Opened 3 years ago

Closed 3 years ago

#1868 closed help (answered)

Model failure

Reported by: simon.tett Owned by: um_support
Component: UM Model Keywords:
Cc: b.dong@… Platform: ARCHER
UM Version: 7.8

Description

HI,

I got a model failure along the lines of:

==============================================

Atm_Step: Timestep 6149

==============================================
initial Absolute Norm : 6747.1556435749953
GCR( 2 ) failed to converge in 100 iterations.
Final Absolute Norm : 5.77897678748359178E-2
==============================================

Atm_Step: Timestep 6150

==============================================
initial Absolute Norm : 3551.8800091137286
GCR( 2 ) converged in 6 iterations.
Final Absolute Norm : NaN
==============================================

Experiment is HadGEM3-GA3? = xlwts and output can be found at ~stett2/output/xlwts000.xlwts.d16110.t212431.leave.

Some output is in /work/n02/n02/stett2/um/xlwts

But I had switched arching off but not kept files…

I'm not familiar with the ways in which HadGEM3-GA goes down so the error message may not be especially informative..

thanks

Simon

Change History (5)

comment:1 Changed 3 years ago by grenville

Simon

Not much help in the leave file - I don't know why you didn't get ATP output (we'll enquire - I have seen the ATP problem before, but I doubt that would be very helpful in this case).
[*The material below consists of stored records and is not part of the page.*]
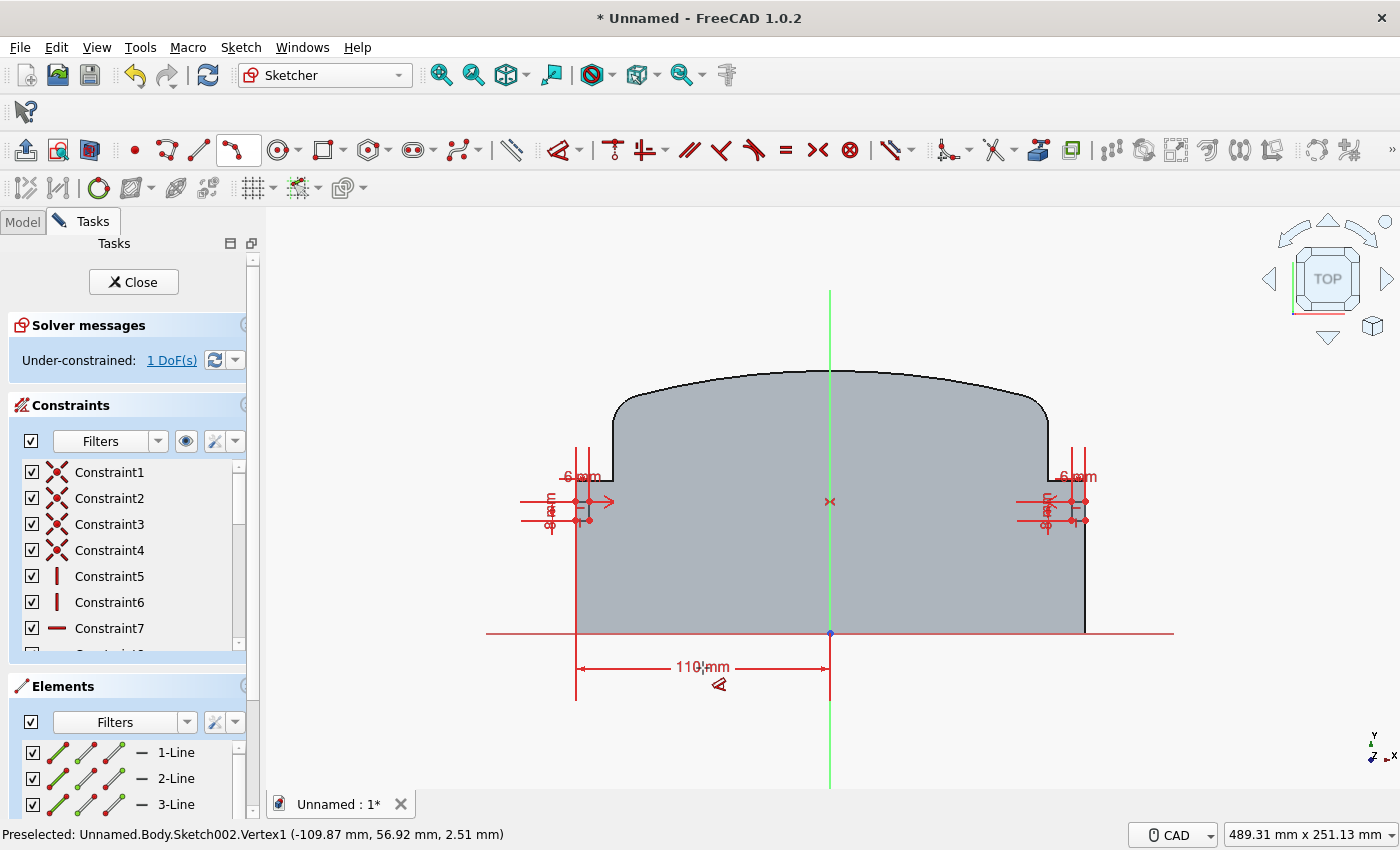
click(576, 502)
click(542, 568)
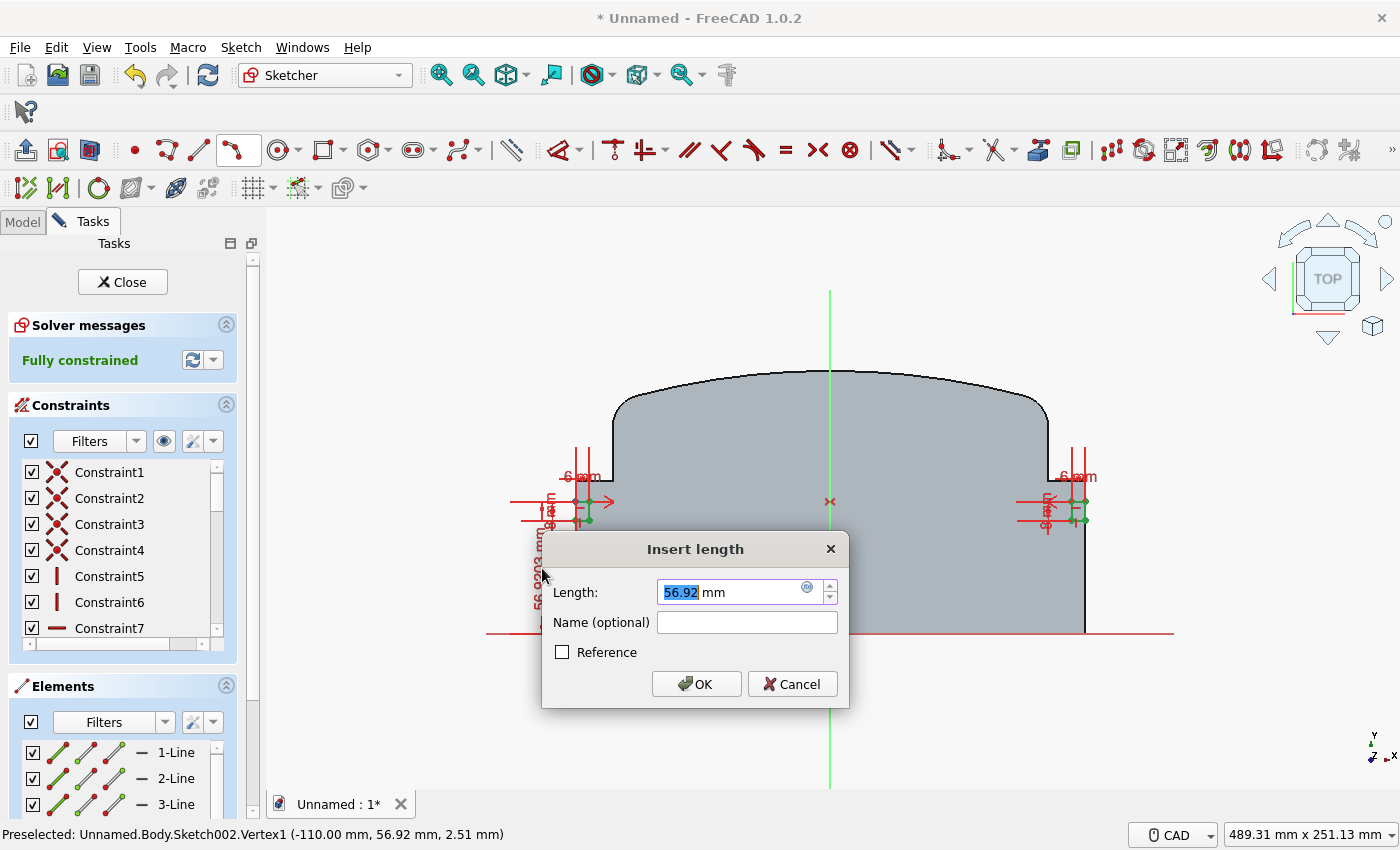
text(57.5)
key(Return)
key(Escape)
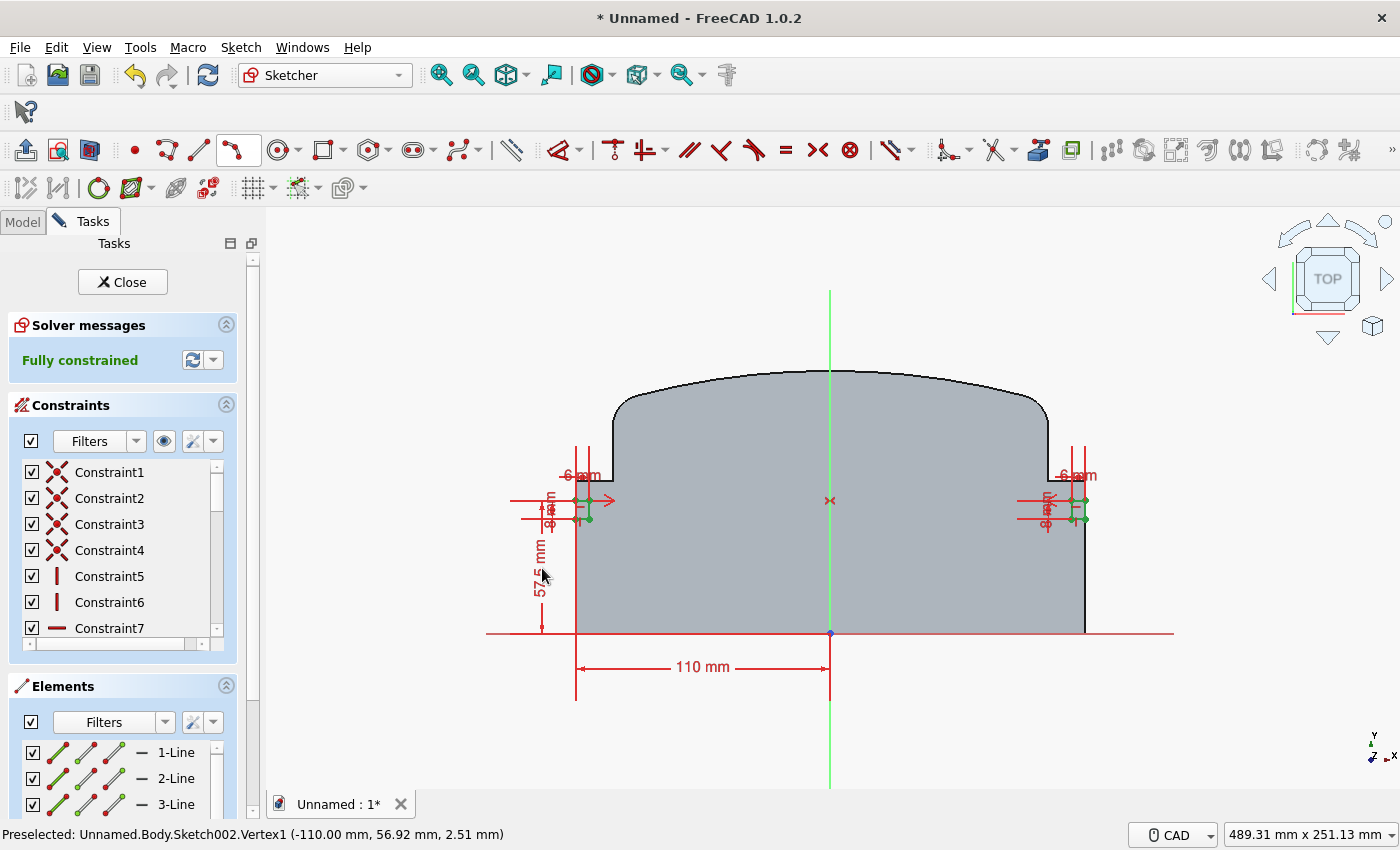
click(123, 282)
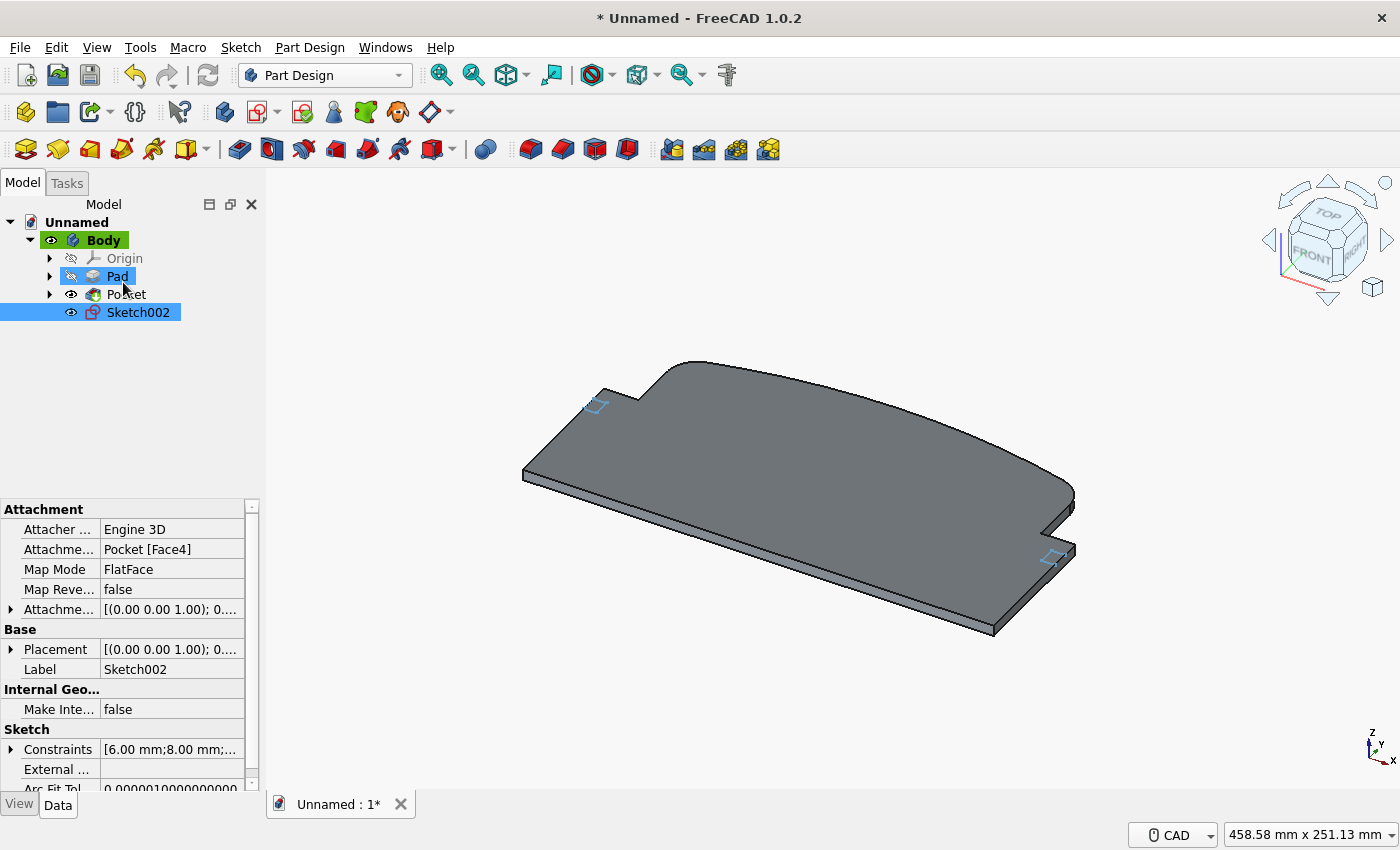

There's not enough to go on in the output. I can only suggest dumping at time steps 6147, 6148, 6149.

Grenville

comment:2 Changed 3 years ago by simon.tett

Hi Grenville,

thanks. I've not got much experience with HadGEM3 failures.. Had*AM3* used to fail with a -ve pressure error. There was not much point in working out where this had gone wrong as it usually meant the model had gone unstable and the point of failure was random! So is this convergence failure + NaN how HadGEM3-A fails…

Simon

comment:3 Changed 3 years ago by grenville

Simon

Yes, this is typical of failure resulting from model instability - we try to find out where (through writing multiple dumps), but reconfiguring the last start dump and/or tweaking the time stepping are often our first approach.

Grenville

comment:4 Changed 3 years ago by simon.tett

Hi Grenville,

thanks. So when I see this in future I'll just treat as "model crashed".. HadA/CM3 were quite forgiving. I remember that HadGEM-2 tended to fail with an interpolation error in the semi-Lagrangian scheme quite frequently… Is HadGEM3-GA6 better?

Simon

comment:5 Changed 3 years ago by ros

  • Resolution set to answered
  • Status changed from new to closed
Note: See TracTickets for help on using tickets.